Any advice on how to resolve this would be greatly appreciated. Thanks!
> sessionInfo()
R version 4.1.0 (2021-05-18)
Platform: x86_64-apple-darwin17.0 (64-bit)
Running under: macOS Big Sur 10.16
Matrix products: default
BLAS: /Library/Frameworks/R.framework/Versions/4.1/Resources/lib/libRblas.dylib
LAPACK: /Library/Frameworks/R.framework/Versions/4.1/Resources/lib/libRlapack.dylib
locale:
[1] en_US.UTF-8/en_US.UTF-8/en_US.UTF-8/C/en_US.UTF-8/en_US.UTF-8
attached base packages:
[1] stats graphics grDevices utils datasets methods base
other attached packages:
[1] dplyr_1.0.7 graphframes_0.1.2 sparklyr_1.7.0
loaded via a namespace (and not attached):
[1] pillar_1.6.2 compiler_4.1.0 BiocManager_1.30.16
[4] dbplyr_2.1.1 prettyunits_1.1.1 remotes_2.4.0
[7] r2d3_0.2.5 base64enc_0.1-3 tools_4.1.0
[10] pkgbuild_1.2.0 digest_0.6.27 jsonlite_1.7.2
[13] lifecycle_1.0.0 tibble_3.1.3 pkgconfig_2.0.3
[16] rlang_0.4.11 cli_3.0.1 DBI_1.1.1
[19] rstudioapi_0.13 curl_4.3.2 yaml_2.2.1
[22] parallel_4.1.0 withr_2.4.2 httr_1.4.2
[25] generics_0.1.0 vctrs_0.3.8 htmlwidgets_1.5.3
[28] askpass_1.1 rappdirs_0.3.3 rprojroot_2.0.2
[31] tidyselect_1.1.1 glue_1.4.2 forge_0.2.0
[34] R6_2.5.0 processx_3.5.2 fansi_0.5.0
[37] callr_3.7.0 purrr_0.3.4 tidyr_1.1.3
[40] magrittr_2.0.1 ps_1.6.0 ellipsis_0.3.2
[43] htmltools_0.5.1.1 assertthat_0.2.1 config_0.3.1
[46] utf8_1.2.2 openssl_1.4.4 crayon_1.4.1
The problem seems to be that the default repos (https://repo1.maven.org and http://dl.bintray.com), that sparklyr tries to install graphframes from, do not host the graphframes jars anymore.

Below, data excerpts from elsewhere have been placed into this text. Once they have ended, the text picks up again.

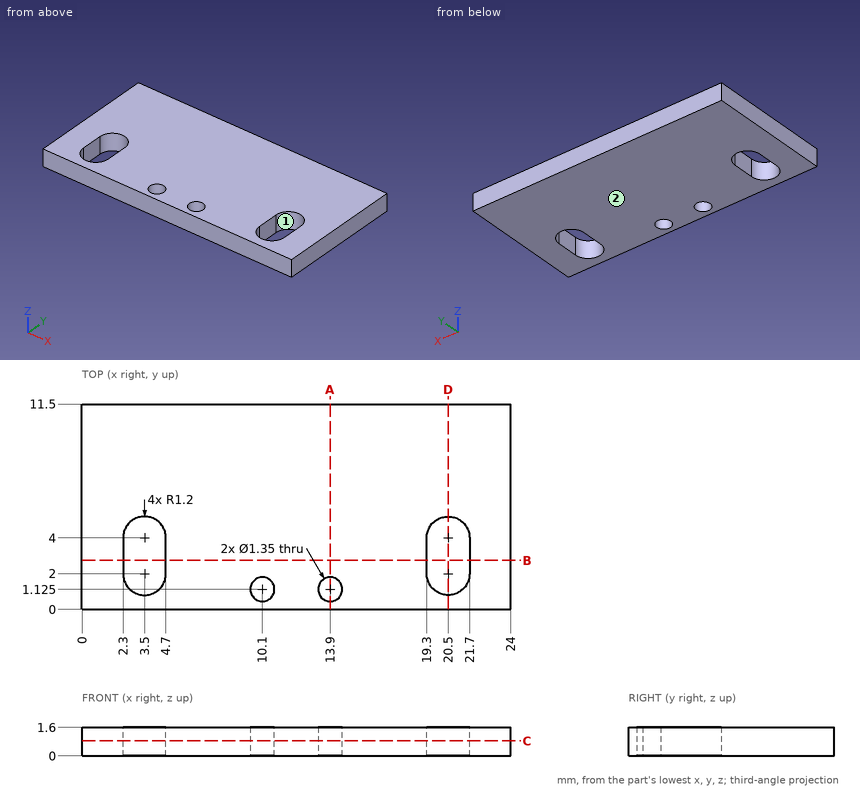
Can you work these out from the drawing? Everything is in mm from the part's minimum corner. A direction names the side the tool comes from. Round coordinates to 2 decimals unless told otherwise and drop trailing zeros. Loops run counter-clockwise (first coordinate to the right, second up) from the corner with the lowest first, then second, coordinate; pieces in that order, holes last. Notation, with made-up numbers: M 47.25,-26.5 L 69.25,-26.5 A16 cw 69.25,-4.5 Z; hole C 37,-1 d10. An arc over 180 degrees is marked long. Write item = value, one per line.
1. I want a section at A-A, the plane x = 13.9. Write out the boundary of the cut face in (y, z).
Results below:
outline = M 0,0 L 0.45,0 L 0.45,1.6 L 0,1.6 Z; M 1.8,0 L 11.5,0 L 11.5,1.6 L 1.8,1.6 Z
2. I want a section at D-D, the plane x = 20.5. Write out the boundary of the cut face in (y, z).
Results below:
outline = M 0,0 L 0.8,0 L 0.8,1.6 L 0,1.6 Z; M 5.2,0 L 11.5,0 L 11.5,1.6 L 5.2,1.6 Z
3. I want a section at B-B, the plane y = 2.75. Write out the boundary of the cut face in (x, z), and give its area (3 significant figures).
Results below:
outline = M 0,0 L 2.3,0 L 2.3,1.6 L 0,1.6 Z; M 4.7,0 L 19.3,0 L 19.3,1.6 L 4.7,1.6 Z; M 21.7,0 L 24,0 L 24,1.6 L 21.7,1.6 Z
area = 30.7 mm²
4. I need wall thicknesses on probe 1 along X at (y, z) = (3.5, 0.3); probe 2 along Y at (x, z) = (13.9, 0.4); probe 3 along X at (y, z) = (4.75, 1.2). Which ranges of each line are inside material? Lowest first, please.
Results below:
probe_1 = 0 to 2.3, 4.7 to 19.3, 21.7 to 24
probe_2 = 0 to 0.45, 1.8 to 11.5
probe_3 = 0 to 2.56, 4.44 to 19.56, 21.44 to 24
5. Which directions (+Z, -Z, +X, -X, +Y, -Y) give clear straight access to the entire face, cutting with the end or side of a thin tool? Please do the marked faces 1 and 2.
Results below:
face_1 = +Z, -Z
face_2 = -Z, +X, -X, +Y, -Y
6. I want a section at C-C, the plane z = 0.85. Write out the boundary of the cut face in (x, y) (3 decimals), and give its area (4 significant figures).
Results below:
outline = M 0,0 L 24,0 L 24,11.5 L 0,11.5 Z; hole M 2.3,2 A1.2 ccw 4.7,2 L 4.7,4 A1.2 ccw 2.3,4 Z; hole C 10.1,1.125 d1.35; hole C 13.9,1.125 d1.35; hole M 19.3,2 A1.2 ccw 21.7,2 L 21.7,4 A1.2 ccw 19.3,4 Z
area = 254.5 mm²
7. Will this pin go through, and if not, where does the flat tip stop? P1, Ø1.2, axis at x = 13.9, y = 1.125, coming from the -Z side.
Results below:
P1 = through
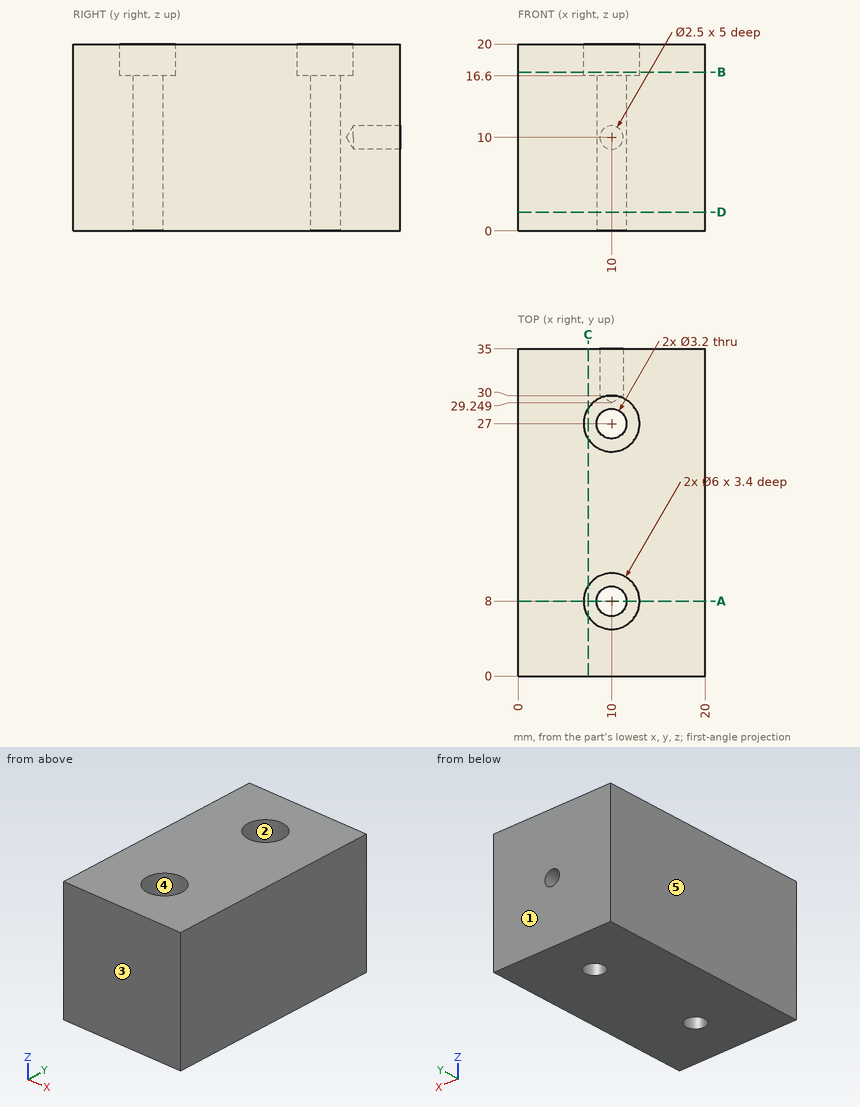
Design review of the part shown in the three views and the two pictorial views. Dimensions are in mm from the part's minimum x, y and z. A direction names the side the tool comes from. Round coordinates to 2 decimals unless told otherwise and drop trailing zeros. Loops run counter-clockwise (first coordinate to the right, second up) from the corner with the lowest first, then second, coordinate; pieces in that order, holes last.
Q1. Add section D-D on z = 2. Write out the cut boundary in (x, y), plus the area to 3 significant figures.
Result sheet:
outline: (0, 0) - (20, 0) - (20, 35) - (0, 35) - close; hole circle Ø3.2 at (10, 8); hole circle Ø3.2 at (10, 27)
area: 684 mm2
Q2. Machinability: for the marked faces 1 and 2, which of the approach directions +Z, -Z, +X, -X, +Y, -Y give a long, thin tool a straight path to every point of the face, cutting with its end or side? Answer none if there is none.
Result sheet:
face 1: +Z, -Z, +X, -X, +Y
face 2: +Z
Q3. Mouldability with a two-part tool opening along X and no side actions: class the marked faces 3, 4 and 5 as +X half, -X half, draft (parallel to the pull), parting line (faces both ways), or undercut.
Result sheet:
face 3: draft
face 4: undercut
face 5: -X half
Q4. To check wall thickness, follow line 1 along Y through (x, z) = (10, 18.7); line 2 along Y through (x, z) = (10, 8.25); line 3 along Z through (x, y) = (10, 32.1). State the ranges of each line that lie inside material, in increasing order.
Result sheet:
line 1: y = 0 to 5, 11 to 24, 30 to 35
line 2: y = 0 to 6.4, 9.6 to 25.4, 28.6 to 35
line 3: z = 0 to 8.75, 11.25 to 20
Q5. Add section C-C on x = 7.5. Write out the cut boundary in (y, z).
Result sheet:
outline: (0, 0) - (35, 0) - (35, 20) - (28.66, 20) - (28.66, 16.6) - (25.34, 16.6) - (25.34, 20) - (9.66, 20) - (9.66, 16.6) - (6.34, 16.6) - (6.34, 20) - (0, 20) - close
Q6. Add section A-A on y = 8. Write out the cut boundary in (x, z).
Result sheet:
outline: (0, 0) - (8.4, 0) - (8.4, 16.6) - (7, 16.6) - (7, 20) - (0, 20) - close; (11.6, 0) - (20, 0) - (20, 20) - (13, 20) - (13, 16.6) - (11.6, 16.6) - close
Q7. Insertion check: pin 1 Ø3 at (x, z) = (10, 10) entering from +Y. The pin has a flat end and moves straight along its axis. Give the tip position at first contact, or say it passes through.
Result sheet:
pin 1: stops at y = 35
Q8. Add section B-B on z = 17. Write out the cut boundary in (x, y), plus the area to 3 significant figures.
Result sheet:
outline: (0, 0) - (20, 0) - (20, 35) - (0, 35) - close; hole circle Ø6 at (10, 8); hole circle Ø6 at (10, 27)
area: 643 mm2

This can be fixed that by adding "https://repos.spark-packages.org" to the list of repositories as done here.
Also the code can be updated to pull the latest version of graphframes (v0.8.1, Sep 2020), which works with Spark version 2.4 and higher, as done here.
I can provide a pull request if it seems worth incorporating these updates.